Identifying and Estimating Perceived Returns to Binary Investments
Clint Harris

TL;DR
This paper introduces a method to estimate agents' perceived returns to binary investments using cross-sectional data with binary choices and prices, accounting for imperfect price knowledge and leveraging price variation known to agents.
Contribution
It proposes a novel identification strategy that relies on an identity relating profits, revenues, and costs, enabling consistent estimation without eliciting agent beliefs.
Findings
Method successfully estimates perceived returns in simulations.
Using price variation known to agents improves estimation accuracy.

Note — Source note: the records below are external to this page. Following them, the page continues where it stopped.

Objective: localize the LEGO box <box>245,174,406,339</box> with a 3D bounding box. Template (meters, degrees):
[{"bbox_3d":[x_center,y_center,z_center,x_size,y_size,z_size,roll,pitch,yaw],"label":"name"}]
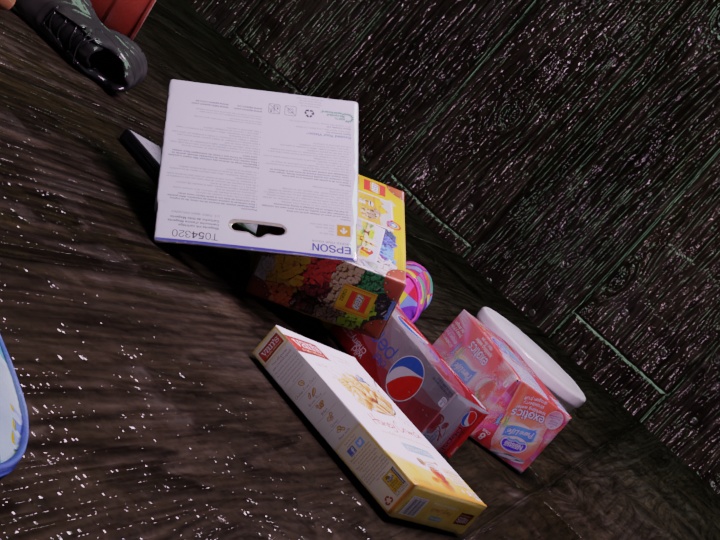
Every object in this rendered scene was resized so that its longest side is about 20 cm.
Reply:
[{"bbox_3d":[-0.033,-0.033,1.296,0.148,0.077,0.200,20,30,-11],"label":"LEGO box"}]

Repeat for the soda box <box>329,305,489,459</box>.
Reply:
[{"bbox_3d":[0.048,0.105,1.288,0.063,0.070,0.200,33,12,-42],"label":"soda box"}]

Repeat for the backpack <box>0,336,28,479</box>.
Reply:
[{"bbox_3d":[-0.198,0.009,0.374,0.200,0.147,0.183,38,10,-40],"label":"backpack"}]

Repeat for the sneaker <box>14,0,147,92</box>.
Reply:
[{"bbox_3d":[-0.359,-0.302,1.551,0.200,0.076,0.091,36,18,-16],"label":"sneaker"}]

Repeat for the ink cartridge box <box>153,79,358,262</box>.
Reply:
[{"bbox_3d":[-0.101,-0.092,1.201,0.195,0.043,0.201,6,58,-9],"label":"ink cartridge box"}]

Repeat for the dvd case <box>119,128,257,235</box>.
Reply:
[{"bbox_3d":[-0.180,-0.086,1.419,0.143,0.018,0.200,46,9,33],"label":"dvd case"}]

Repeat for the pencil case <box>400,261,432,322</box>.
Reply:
[{"bbox_3d":[0.053,0.034,1.672,0.088,0.088,0.200,42,10,4],"label":"pencil case"}]

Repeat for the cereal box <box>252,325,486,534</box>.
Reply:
[{"bbox_3d":[0.008,0.136,1.044,0.200,0.040,0.144,47,9,32],"label":"cereal box"}]

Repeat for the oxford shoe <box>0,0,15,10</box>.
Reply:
[{"bbox_3d":[-0.450,-0.370,1.506,0.071,0.071,0.200,43,17,-31],"label":"oxford shoe"}]

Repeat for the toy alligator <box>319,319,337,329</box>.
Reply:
[{"bbox_3d":[-0.028,0.033,1.369,0.200,0.054,0.059,35,11,-40],"label":"toy alligator"}]

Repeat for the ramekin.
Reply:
[{"bbox_3d":[0.226,0.153,1.792,0.202,0.094,0.202,41,8,-7],"label":"ramekin"}]

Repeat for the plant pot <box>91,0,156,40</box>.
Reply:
[{"bbox_3d":[-0.392,-0.447,1.792,0.195,0.201,0.201,30,11,-17],"label":"plant pot"}]

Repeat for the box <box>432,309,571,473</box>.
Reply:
[{"bbox_3d":[0.164,0.147,1.525,0.102,0.095,0.200,37,9,-27],"label":"box"}]

Adjustments to standard binary choice estimators are effective for this purpose.
Abstract
I describe a method for estimating agents' perceived returns to investments that relies on cross-sectional data containing binary choices and prices, where prices may be imperfectly known to agents. This method identifies the scale of perceived returns by assuming agent knowledge of an identity that relates profits, revenues, and costs rather than by eliciting or assuming agent beliefs about structural parameters that are estimated by researchers. With this assumption, modest adjustments to standard binary choice estimators enable consistent estimation of perceived returns when using price instruments that are uncorrelated with unobserved determinants of agents' price misperceptions as well as other unobserved determinants of their perceived returns. I demonstrate the method, and the importance of using price variation that is known to agents, in a series of data simulations.